(Data records)
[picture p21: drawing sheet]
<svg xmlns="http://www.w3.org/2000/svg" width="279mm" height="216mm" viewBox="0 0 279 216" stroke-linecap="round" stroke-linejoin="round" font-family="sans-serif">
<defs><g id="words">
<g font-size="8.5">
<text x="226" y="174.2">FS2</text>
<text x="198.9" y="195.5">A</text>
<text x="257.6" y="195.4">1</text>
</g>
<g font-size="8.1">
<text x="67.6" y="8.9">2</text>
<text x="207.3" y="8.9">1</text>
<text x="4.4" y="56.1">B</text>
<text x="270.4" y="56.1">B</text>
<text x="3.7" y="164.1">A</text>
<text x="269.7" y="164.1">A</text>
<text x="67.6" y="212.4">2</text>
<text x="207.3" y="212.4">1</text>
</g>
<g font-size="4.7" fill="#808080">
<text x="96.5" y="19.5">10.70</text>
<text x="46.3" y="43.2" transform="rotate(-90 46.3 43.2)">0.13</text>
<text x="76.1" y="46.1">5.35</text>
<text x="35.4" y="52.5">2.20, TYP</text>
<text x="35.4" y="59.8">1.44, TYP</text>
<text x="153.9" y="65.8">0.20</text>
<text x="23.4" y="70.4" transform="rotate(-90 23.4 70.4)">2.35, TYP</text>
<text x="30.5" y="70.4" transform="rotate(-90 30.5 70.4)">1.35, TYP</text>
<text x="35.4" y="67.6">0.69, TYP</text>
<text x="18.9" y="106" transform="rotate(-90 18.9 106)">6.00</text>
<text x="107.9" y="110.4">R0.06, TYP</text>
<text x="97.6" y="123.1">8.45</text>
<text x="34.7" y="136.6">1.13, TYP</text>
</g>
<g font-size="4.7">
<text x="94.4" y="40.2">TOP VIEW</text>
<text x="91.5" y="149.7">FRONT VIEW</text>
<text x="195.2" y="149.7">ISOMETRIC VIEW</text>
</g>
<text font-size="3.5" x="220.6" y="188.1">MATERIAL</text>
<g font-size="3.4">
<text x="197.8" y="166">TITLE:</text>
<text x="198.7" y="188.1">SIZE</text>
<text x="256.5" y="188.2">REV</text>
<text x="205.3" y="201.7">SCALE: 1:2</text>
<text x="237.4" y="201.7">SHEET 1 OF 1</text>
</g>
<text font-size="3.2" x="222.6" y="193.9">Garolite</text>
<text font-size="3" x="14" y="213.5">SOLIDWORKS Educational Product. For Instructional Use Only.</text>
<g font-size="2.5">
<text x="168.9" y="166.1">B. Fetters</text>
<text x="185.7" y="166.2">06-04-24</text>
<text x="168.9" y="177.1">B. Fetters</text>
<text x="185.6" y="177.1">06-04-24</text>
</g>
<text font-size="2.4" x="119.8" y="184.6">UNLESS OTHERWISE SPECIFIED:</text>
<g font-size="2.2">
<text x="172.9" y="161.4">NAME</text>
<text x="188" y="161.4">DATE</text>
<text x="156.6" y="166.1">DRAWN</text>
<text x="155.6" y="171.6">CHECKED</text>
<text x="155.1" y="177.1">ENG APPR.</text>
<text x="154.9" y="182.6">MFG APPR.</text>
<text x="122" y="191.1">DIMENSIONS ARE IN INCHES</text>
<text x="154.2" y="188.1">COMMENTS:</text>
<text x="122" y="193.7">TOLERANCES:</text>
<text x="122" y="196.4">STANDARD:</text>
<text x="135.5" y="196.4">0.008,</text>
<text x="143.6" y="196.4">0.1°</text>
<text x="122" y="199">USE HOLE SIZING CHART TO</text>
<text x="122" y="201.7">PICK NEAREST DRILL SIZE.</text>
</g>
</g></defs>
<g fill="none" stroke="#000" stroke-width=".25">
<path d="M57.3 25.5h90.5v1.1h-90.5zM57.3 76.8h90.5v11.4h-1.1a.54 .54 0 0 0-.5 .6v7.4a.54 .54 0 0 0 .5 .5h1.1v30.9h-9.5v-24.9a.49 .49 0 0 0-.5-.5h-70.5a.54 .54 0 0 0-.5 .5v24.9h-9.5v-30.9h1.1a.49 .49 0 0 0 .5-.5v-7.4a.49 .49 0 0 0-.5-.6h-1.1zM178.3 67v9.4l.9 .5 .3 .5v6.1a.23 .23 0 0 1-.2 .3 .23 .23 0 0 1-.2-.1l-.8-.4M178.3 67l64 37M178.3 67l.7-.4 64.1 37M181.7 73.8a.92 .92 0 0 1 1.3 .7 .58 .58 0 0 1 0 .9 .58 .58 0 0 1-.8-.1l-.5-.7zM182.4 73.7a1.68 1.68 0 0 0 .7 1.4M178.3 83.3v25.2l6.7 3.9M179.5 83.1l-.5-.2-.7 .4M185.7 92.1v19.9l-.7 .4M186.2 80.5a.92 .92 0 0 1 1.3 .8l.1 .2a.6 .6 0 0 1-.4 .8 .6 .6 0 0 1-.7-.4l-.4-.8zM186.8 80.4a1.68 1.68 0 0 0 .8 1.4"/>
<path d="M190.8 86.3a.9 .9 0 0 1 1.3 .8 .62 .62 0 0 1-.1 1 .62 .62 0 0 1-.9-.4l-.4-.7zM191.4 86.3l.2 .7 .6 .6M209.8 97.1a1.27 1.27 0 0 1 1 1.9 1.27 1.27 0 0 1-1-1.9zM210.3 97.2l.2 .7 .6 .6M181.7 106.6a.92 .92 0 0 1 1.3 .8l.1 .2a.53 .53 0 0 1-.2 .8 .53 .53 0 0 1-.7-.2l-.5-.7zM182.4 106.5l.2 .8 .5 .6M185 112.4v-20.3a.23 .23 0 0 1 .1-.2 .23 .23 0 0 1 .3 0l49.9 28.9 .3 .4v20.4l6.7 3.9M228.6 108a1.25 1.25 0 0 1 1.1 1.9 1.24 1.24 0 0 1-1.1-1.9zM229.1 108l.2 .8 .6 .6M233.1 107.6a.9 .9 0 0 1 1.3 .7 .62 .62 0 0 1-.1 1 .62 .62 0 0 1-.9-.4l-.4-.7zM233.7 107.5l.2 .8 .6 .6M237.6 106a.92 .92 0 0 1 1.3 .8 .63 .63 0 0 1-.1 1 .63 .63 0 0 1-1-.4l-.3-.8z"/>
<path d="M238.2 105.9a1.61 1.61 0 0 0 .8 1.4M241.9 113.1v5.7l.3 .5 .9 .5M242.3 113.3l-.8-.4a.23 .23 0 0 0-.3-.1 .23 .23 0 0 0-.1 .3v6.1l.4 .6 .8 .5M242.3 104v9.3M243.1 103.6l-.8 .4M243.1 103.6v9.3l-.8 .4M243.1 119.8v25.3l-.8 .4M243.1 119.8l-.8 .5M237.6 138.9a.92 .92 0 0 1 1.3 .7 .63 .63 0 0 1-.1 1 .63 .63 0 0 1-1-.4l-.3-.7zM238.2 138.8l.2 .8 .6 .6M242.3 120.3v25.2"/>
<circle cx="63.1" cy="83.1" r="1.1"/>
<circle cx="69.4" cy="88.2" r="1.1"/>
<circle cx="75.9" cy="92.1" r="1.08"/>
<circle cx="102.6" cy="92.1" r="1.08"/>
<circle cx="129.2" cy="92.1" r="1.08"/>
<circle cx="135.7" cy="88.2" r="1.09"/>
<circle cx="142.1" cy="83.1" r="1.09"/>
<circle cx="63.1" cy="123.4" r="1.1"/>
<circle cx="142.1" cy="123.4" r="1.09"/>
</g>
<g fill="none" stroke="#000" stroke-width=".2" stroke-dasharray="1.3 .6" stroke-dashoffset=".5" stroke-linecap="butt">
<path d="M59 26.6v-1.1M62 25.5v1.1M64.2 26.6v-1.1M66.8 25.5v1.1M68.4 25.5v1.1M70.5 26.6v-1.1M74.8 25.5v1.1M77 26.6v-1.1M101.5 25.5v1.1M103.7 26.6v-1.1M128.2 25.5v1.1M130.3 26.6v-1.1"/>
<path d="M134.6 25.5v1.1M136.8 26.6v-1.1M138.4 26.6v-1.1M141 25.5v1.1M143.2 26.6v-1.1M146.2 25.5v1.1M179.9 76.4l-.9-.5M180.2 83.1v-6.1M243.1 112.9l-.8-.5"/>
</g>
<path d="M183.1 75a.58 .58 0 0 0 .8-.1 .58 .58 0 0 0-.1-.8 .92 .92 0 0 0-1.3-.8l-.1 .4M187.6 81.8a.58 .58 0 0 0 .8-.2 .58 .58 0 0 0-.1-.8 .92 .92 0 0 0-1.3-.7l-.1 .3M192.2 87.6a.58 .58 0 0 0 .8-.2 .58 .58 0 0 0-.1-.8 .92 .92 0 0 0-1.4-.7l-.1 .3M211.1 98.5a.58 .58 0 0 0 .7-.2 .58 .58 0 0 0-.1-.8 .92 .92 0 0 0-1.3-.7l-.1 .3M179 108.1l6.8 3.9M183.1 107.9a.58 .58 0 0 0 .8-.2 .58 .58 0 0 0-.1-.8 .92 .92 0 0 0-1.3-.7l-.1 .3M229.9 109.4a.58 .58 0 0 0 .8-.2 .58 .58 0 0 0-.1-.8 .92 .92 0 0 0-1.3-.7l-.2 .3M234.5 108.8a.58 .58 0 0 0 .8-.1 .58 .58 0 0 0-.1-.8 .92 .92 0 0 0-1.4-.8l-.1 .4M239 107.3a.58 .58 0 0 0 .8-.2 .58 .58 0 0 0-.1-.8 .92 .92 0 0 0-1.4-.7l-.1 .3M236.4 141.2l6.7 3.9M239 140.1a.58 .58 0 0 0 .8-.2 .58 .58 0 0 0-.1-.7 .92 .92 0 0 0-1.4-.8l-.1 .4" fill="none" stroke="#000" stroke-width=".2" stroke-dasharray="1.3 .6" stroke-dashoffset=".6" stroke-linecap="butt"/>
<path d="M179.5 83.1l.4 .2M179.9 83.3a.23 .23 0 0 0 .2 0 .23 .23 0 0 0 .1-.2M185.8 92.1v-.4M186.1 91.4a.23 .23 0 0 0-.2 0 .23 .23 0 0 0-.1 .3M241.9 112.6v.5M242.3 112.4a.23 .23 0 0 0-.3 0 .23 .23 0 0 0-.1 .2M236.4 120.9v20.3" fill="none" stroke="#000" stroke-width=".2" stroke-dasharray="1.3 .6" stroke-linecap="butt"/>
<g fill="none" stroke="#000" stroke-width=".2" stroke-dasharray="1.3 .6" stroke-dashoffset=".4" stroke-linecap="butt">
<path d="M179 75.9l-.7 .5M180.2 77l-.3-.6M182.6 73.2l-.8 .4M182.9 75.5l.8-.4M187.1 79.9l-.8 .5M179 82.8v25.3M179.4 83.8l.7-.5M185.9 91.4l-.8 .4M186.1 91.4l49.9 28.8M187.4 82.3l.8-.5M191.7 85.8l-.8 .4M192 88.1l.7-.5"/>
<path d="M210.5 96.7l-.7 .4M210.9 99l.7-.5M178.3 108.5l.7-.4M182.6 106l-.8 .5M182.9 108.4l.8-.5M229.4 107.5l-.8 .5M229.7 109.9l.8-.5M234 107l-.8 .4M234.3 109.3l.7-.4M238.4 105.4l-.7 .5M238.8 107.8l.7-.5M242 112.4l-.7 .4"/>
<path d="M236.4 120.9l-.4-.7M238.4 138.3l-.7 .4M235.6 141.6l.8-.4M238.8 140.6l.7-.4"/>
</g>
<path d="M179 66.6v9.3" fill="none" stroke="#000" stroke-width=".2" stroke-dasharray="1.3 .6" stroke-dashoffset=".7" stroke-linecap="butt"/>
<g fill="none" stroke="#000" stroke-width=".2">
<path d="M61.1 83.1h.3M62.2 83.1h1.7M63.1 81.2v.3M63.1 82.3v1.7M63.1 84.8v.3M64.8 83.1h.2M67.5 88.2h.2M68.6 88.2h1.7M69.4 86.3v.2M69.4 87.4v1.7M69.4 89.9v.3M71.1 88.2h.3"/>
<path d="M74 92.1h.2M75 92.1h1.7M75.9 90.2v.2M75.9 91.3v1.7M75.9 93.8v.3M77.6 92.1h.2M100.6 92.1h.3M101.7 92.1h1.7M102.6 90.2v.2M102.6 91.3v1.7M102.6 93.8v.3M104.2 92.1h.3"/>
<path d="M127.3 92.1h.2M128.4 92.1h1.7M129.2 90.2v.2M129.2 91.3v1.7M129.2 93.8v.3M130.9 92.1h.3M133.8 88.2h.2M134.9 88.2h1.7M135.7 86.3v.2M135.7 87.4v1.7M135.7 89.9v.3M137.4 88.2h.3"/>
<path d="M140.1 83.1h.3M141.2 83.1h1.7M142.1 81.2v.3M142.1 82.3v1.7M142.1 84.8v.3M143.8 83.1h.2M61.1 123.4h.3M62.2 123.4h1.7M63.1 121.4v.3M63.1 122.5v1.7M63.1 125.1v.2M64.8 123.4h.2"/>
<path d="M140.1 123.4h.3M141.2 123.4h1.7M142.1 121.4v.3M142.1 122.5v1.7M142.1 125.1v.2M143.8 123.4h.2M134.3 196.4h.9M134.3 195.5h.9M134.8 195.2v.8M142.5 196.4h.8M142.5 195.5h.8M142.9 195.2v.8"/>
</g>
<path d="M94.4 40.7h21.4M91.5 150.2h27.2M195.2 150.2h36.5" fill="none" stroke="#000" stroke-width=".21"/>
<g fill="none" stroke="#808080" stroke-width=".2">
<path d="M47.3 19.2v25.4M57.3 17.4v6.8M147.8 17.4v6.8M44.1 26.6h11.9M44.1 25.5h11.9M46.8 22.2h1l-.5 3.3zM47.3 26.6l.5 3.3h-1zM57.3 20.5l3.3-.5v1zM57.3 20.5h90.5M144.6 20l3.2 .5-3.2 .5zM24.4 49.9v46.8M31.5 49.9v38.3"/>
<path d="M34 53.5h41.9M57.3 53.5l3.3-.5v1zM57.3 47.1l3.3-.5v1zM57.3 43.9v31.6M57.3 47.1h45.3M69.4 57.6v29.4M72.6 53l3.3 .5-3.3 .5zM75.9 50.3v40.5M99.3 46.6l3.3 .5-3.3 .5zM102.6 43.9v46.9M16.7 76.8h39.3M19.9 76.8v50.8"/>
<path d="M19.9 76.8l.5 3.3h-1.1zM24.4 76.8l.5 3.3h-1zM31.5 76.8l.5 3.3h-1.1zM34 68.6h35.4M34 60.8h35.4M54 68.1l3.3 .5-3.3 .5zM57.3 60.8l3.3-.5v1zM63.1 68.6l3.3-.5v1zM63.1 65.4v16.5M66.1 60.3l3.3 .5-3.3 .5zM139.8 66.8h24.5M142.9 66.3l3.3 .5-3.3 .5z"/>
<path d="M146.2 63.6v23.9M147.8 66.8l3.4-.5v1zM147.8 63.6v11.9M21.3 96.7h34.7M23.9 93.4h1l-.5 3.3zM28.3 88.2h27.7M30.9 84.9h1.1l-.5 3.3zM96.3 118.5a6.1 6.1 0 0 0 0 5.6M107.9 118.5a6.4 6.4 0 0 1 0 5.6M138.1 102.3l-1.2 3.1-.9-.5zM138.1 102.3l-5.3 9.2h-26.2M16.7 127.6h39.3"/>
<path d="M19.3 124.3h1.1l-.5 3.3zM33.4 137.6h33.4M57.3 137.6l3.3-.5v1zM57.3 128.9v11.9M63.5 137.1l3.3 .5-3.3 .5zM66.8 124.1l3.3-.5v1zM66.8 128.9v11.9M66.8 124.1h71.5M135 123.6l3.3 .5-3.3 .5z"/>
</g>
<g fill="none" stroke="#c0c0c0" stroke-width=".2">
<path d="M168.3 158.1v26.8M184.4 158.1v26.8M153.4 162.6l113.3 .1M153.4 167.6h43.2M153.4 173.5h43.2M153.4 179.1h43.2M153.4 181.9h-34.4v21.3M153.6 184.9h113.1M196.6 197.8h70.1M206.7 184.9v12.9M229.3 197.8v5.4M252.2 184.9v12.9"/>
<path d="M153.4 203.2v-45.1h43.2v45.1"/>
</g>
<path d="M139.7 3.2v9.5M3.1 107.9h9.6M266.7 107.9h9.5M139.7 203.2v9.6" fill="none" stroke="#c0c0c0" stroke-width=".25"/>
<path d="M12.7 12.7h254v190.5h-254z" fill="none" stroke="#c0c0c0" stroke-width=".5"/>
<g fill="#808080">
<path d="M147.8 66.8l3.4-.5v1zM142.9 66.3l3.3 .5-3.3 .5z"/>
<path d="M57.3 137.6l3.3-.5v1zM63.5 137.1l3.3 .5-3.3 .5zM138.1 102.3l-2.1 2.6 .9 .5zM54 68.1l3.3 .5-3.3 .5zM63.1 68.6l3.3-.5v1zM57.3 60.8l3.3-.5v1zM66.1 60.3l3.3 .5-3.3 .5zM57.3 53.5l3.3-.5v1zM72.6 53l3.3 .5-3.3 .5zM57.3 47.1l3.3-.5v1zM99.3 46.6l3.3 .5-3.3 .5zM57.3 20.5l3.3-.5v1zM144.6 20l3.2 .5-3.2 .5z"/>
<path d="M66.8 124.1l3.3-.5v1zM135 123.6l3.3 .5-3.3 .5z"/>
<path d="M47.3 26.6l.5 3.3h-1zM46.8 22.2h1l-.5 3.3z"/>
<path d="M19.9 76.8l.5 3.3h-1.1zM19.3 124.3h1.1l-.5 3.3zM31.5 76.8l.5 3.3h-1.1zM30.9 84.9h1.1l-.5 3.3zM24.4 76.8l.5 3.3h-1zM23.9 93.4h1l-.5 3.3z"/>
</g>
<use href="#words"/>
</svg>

*What you are asked to do*:
Check the entries above line by line and return each one containing the word "rotate".

*Completed exercise*:
<text x="46.3" y="43.2" transform="rotate(-90 46.3 43.2)">0.13</text>
<text x="23.4" y="70.4" transform="rotate(-90 23.4 70.4)">2.35, TYP</text>
<text x="30.5" y="70.4" transform="rotate(-90 30.5 70.4)">1.35, TYP</text>
<text x="18.9" y="106" transform="rotate(-90 18.9 106)">6.00</text>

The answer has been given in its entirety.